Top of DATASET RECORDS

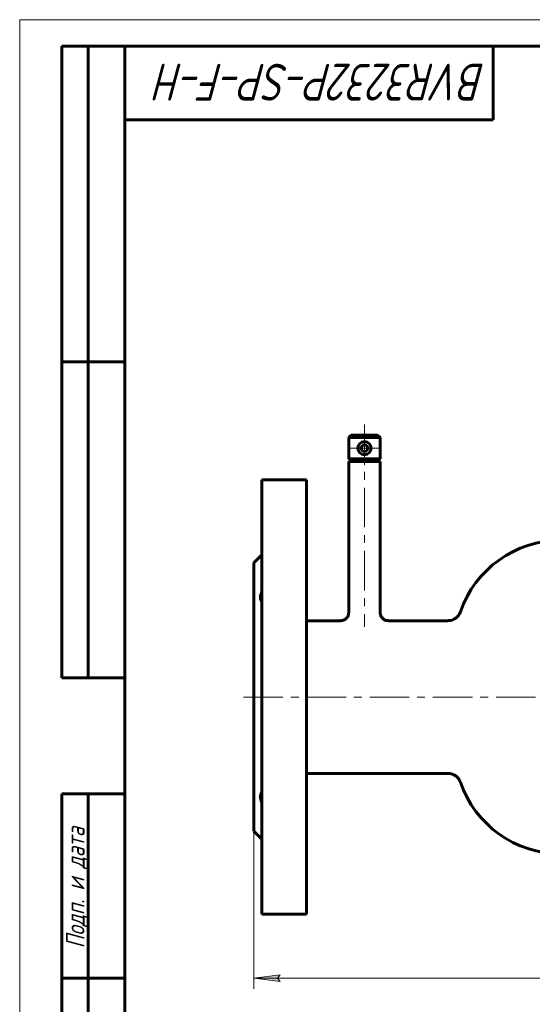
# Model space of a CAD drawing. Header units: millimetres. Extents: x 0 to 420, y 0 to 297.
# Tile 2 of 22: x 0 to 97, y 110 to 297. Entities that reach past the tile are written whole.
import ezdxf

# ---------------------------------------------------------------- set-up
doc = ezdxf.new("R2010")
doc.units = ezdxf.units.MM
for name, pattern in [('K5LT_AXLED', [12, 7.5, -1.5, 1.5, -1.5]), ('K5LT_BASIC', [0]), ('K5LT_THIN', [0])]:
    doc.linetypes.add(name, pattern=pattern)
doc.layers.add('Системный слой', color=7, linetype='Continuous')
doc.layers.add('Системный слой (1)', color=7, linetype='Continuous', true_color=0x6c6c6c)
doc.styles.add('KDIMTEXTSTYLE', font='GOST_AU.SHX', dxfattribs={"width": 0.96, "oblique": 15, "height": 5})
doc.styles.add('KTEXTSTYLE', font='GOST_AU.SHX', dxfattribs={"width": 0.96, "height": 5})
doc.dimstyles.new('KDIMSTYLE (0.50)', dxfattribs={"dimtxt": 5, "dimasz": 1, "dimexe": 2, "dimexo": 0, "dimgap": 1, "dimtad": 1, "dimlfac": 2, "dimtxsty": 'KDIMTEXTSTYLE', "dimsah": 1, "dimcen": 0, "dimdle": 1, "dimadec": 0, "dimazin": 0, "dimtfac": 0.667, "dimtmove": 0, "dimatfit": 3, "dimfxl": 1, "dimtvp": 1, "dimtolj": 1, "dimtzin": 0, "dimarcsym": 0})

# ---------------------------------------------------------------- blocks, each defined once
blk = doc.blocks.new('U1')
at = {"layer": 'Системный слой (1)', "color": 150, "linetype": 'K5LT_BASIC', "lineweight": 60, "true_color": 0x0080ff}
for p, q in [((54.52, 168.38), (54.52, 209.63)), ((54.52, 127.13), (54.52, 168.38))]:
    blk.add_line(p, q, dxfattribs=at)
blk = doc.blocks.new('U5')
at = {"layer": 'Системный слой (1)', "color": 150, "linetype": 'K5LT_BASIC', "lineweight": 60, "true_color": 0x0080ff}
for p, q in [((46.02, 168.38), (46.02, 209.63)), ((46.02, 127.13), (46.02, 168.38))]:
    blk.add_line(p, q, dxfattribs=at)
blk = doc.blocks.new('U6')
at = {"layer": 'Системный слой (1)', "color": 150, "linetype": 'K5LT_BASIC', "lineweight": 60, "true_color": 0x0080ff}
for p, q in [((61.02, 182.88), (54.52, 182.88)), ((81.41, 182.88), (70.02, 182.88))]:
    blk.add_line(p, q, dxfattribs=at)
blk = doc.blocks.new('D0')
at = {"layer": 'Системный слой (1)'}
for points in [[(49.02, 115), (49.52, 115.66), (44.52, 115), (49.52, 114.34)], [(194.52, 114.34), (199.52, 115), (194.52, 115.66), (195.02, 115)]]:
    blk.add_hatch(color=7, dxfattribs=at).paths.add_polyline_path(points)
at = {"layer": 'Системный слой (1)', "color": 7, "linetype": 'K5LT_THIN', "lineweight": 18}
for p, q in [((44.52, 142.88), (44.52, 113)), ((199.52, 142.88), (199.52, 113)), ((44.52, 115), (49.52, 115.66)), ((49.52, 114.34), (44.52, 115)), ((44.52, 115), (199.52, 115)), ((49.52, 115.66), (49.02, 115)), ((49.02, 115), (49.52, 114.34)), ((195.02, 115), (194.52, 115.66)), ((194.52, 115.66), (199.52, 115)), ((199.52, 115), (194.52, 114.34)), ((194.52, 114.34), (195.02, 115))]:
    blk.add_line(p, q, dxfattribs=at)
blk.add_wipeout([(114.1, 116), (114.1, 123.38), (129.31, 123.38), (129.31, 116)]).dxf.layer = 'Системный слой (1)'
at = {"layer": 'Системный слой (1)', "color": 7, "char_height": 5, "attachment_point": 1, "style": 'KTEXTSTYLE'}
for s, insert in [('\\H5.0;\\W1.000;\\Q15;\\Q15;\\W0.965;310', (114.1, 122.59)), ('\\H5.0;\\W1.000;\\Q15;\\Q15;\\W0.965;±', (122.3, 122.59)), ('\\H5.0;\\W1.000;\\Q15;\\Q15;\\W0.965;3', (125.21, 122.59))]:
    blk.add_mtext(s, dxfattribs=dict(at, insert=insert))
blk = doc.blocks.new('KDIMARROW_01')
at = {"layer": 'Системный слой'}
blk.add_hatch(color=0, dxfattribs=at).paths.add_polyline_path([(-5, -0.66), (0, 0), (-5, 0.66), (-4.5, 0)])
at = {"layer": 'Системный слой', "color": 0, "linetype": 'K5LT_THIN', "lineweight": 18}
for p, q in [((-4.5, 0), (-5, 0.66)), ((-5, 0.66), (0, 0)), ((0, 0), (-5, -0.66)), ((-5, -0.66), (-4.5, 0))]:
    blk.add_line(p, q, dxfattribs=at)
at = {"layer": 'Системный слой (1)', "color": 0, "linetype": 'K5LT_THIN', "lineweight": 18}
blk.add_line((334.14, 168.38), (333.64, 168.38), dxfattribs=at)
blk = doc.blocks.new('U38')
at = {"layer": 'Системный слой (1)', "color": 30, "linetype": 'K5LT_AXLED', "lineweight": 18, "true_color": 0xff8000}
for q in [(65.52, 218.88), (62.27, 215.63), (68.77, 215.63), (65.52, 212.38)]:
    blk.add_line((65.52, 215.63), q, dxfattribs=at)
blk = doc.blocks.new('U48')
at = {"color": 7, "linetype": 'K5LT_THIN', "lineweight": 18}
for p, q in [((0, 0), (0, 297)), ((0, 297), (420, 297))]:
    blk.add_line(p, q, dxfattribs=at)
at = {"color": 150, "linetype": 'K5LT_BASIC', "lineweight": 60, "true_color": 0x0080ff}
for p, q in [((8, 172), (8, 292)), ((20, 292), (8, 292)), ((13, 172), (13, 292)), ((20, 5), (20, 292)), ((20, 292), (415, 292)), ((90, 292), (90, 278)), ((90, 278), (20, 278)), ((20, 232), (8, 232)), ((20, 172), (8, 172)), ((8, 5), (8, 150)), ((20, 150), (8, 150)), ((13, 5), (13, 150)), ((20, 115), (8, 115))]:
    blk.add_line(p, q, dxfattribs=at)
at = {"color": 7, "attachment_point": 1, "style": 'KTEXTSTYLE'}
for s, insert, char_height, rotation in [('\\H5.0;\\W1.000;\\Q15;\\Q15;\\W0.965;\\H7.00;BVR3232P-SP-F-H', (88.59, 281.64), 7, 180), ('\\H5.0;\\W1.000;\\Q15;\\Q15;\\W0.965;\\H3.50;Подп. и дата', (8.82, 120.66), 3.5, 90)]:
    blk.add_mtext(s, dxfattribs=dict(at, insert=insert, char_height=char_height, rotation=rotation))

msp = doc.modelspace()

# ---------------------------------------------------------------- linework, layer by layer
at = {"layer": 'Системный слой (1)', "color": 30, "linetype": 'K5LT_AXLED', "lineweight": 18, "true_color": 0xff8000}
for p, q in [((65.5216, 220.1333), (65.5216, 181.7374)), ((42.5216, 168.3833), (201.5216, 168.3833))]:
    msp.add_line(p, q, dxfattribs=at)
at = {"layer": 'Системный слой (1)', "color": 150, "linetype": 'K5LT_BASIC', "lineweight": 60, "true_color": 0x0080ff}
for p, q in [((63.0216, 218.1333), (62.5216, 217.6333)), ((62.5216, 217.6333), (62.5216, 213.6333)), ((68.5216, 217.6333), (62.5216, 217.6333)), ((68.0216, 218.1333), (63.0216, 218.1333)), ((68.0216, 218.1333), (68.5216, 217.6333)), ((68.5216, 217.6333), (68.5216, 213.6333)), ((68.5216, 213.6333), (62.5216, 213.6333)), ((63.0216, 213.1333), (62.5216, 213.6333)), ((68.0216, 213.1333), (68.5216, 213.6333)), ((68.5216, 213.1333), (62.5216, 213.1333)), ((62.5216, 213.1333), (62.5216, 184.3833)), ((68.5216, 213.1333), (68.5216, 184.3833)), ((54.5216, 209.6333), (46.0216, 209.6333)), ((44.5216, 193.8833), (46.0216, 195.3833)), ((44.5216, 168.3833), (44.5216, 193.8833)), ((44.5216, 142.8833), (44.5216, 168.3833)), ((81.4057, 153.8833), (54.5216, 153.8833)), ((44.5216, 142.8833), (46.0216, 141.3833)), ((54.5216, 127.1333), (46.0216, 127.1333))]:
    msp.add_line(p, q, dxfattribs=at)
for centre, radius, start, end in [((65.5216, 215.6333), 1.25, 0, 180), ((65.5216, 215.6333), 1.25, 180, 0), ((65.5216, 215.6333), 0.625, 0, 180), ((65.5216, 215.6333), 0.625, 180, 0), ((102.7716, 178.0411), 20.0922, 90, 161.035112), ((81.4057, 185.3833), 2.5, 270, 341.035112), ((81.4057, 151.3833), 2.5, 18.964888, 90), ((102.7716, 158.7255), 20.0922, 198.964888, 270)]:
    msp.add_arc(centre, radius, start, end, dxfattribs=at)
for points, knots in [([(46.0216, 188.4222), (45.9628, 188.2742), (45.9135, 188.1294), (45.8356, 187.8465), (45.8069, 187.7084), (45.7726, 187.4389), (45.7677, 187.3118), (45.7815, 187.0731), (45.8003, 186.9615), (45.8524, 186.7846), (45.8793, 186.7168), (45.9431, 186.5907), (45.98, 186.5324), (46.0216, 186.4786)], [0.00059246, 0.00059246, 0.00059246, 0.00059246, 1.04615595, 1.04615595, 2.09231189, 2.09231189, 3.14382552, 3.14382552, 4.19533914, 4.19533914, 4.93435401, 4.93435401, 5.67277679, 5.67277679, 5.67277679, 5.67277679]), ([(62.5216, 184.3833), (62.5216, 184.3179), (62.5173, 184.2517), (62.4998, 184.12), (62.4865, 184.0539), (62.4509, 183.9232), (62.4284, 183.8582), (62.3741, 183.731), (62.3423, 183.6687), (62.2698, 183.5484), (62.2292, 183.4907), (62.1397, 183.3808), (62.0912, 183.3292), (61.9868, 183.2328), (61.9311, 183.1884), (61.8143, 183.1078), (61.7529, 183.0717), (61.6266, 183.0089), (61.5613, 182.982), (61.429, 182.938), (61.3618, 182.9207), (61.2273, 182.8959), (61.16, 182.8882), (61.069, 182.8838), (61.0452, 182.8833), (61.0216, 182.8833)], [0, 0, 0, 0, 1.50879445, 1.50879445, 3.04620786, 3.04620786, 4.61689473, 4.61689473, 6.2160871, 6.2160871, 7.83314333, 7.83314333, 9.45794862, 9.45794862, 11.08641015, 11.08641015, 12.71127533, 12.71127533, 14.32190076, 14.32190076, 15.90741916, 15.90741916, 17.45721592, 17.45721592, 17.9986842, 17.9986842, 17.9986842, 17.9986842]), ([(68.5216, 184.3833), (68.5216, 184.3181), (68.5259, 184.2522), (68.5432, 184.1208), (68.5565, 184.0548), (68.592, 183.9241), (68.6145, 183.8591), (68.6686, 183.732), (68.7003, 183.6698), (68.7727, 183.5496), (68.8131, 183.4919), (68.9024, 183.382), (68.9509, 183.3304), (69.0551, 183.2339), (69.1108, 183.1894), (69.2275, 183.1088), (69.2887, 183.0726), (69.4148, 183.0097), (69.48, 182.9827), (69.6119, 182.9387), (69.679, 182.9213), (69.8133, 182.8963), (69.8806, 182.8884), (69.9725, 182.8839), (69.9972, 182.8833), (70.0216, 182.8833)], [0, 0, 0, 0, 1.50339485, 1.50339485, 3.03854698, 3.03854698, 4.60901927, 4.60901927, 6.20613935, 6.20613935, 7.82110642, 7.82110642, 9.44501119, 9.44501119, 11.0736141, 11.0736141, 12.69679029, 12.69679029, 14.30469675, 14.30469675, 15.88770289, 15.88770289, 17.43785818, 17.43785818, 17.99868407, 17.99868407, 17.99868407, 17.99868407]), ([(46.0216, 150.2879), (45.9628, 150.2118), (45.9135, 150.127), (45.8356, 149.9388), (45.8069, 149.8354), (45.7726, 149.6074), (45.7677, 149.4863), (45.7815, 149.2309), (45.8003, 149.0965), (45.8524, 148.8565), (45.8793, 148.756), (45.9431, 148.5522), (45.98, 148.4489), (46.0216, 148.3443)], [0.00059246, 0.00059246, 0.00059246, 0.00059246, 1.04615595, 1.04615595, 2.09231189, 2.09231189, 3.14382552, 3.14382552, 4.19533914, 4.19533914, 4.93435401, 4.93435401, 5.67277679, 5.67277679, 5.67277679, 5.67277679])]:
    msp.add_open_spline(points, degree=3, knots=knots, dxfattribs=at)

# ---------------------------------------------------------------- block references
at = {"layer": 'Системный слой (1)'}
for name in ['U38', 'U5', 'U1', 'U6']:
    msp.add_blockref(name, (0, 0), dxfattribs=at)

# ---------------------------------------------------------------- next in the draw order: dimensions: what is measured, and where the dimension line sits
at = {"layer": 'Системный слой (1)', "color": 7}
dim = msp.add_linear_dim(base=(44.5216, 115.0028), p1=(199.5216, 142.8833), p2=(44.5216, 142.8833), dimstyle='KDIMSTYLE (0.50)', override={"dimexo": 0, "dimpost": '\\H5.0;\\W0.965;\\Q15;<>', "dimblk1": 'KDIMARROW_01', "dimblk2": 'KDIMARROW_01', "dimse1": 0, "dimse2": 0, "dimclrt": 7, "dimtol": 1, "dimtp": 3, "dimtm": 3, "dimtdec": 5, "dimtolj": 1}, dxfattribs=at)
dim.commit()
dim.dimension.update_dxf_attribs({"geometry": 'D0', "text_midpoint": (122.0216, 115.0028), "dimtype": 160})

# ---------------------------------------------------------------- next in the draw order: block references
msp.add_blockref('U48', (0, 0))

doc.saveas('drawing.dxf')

Bottom of DATASET RECORDS
Top of DATASET RECORDS

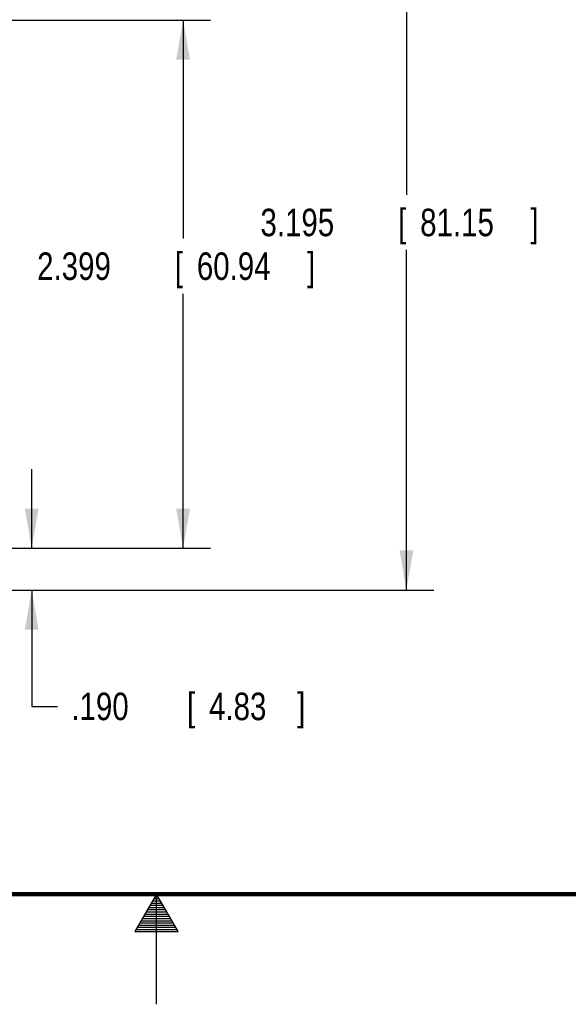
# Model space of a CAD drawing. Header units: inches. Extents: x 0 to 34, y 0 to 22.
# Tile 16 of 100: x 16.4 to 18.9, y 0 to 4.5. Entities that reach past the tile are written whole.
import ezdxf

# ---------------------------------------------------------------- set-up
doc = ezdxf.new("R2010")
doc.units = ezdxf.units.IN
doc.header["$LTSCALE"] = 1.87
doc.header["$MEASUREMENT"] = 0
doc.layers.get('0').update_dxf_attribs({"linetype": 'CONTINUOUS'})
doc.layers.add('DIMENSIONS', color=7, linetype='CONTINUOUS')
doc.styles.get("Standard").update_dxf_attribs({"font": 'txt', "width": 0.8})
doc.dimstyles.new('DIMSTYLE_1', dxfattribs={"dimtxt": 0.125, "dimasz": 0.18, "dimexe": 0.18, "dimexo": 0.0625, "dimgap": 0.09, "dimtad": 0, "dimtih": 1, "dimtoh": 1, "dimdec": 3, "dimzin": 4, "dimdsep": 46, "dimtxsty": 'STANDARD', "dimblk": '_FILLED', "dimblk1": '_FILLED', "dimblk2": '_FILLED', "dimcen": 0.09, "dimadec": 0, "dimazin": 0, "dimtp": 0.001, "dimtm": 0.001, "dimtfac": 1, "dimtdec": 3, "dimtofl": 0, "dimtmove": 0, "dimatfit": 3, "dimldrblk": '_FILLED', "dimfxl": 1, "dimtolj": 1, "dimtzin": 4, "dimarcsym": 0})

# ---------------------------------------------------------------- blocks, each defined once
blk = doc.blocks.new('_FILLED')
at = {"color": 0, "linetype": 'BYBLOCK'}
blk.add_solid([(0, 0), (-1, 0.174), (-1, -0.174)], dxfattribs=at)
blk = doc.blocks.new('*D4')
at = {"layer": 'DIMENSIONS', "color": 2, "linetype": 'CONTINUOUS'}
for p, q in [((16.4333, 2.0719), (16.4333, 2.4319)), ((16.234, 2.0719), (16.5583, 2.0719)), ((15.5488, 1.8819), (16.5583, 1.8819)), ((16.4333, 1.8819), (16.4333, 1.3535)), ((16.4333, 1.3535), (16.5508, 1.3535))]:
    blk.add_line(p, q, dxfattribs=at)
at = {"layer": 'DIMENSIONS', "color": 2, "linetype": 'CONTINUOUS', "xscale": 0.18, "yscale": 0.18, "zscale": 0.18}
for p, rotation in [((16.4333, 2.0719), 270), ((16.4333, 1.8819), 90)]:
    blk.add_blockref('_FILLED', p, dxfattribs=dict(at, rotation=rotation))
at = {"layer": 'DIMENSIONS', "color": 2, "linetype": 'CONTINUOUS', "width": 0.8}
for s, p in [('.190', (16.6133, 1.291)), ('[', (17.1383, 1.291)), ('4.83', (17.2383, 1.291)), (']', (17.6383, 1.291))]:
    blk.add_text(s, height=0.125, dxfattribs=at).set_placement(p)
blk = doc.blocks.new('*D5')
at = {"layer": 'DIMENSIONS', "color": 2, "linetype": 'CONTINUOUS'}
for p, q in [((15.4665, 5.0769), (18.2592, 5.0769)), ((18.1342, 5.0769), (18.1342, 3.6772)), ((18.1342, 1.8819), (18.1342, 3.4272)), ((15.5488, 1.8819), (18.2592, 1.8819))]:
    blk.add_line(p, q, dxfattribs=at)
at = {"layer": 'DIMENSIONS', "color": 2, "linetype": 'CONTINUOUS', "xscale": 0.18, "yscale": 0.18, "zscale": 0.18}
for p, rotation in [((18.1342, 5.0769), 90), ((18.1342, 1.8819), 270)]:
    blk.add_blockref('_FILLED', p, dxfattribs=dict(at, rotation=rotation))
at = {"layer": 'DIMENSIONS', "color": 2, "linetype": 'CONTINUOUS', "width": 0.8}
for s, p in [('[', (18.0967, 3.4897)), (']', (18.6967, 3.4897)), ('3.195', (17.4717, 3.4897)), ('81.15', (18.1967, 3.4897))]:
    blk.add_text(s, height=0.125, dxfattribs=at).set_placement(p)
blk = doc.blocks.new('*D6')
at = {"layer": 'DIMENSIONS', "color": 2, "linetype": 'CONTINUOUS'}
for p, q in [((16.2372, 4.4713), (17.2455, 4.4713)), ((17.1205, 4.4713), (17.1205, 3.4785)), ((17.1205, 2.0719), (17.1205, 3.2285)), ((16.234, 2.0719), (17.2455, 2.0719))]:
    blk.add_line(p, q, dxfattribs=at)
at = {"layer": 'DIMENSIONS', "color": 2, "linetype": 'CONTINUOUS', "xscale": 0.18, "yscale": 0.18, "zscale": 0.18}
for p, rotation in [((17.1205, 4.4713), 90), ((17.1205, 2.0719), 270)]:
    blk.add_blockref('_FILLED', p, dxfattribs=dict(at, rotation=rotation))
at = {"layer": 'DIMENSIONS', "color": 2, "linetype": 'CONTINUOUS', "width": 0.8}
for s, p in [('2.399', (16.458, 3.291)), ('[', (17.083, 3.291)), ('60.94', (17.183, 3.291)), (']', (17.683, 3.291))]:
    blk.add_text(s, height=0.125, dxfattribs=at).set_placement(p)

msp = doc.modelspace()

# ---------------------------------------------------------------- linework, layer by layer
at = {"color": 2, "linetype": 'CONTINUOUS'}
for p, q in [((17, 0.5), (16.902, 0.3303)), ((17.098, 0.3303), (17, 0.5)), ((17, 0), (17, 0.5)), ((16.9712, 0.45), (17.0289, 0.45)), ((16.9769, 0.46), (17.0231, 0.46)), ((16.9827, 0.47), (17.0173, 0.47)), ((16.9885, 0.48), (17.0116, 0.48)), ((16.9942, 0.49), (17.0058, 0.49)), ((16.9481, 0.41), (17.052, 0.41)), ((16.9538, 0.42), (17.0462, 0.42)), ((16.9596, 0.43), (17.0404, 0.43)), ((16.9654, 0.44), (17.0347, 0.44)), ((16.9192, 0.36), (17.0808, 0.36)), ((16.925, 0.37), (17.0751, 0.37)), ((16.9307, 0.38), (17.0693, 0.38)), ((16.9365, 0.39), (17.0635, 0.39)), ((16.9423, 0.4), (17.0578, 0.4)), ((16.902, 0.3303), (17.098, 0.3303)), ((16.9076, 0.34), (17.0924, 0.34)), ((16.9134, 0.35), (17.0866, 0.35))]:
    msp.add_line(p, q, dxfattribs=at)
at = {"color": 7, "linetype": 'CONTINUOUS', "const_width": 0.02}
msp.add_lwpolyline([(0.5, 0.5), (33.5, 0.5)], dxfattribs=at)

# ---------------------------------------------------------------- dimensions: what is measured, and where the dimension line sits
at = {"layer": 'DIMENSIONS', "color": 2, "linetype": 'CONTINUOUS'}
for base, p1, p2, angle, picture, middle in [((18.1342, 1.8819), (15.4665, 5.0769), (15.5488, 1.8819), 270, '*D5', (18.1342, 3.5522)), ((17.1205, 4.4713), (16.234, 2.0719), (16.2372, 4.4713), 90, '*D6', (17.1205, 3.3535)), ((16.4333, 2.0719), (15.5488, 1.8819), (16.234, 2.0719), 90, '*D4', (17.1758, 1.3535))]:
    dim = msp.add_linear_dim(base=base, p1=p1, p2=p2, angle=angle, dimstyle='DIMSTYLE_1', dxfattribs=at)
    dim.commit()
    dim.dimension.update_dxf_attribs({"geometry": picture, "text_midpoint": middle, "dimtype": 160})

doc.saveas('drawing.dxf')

Bottom of DATASET RECORDS

* [WHAT YOU ARE ASKED TO DO]
Would you please return all lines from the listing above that contain "Entities"?

* [RESULT FOR THIS TASK]
# Tile 2 of 22: x 0 to 97, y 110 to 297. Entities that reach past the tile are written whole.
# Tile 16 of 100: x 16.4 to 18.9, y 0 to 4.5. Entities that reach past the tile are written whole.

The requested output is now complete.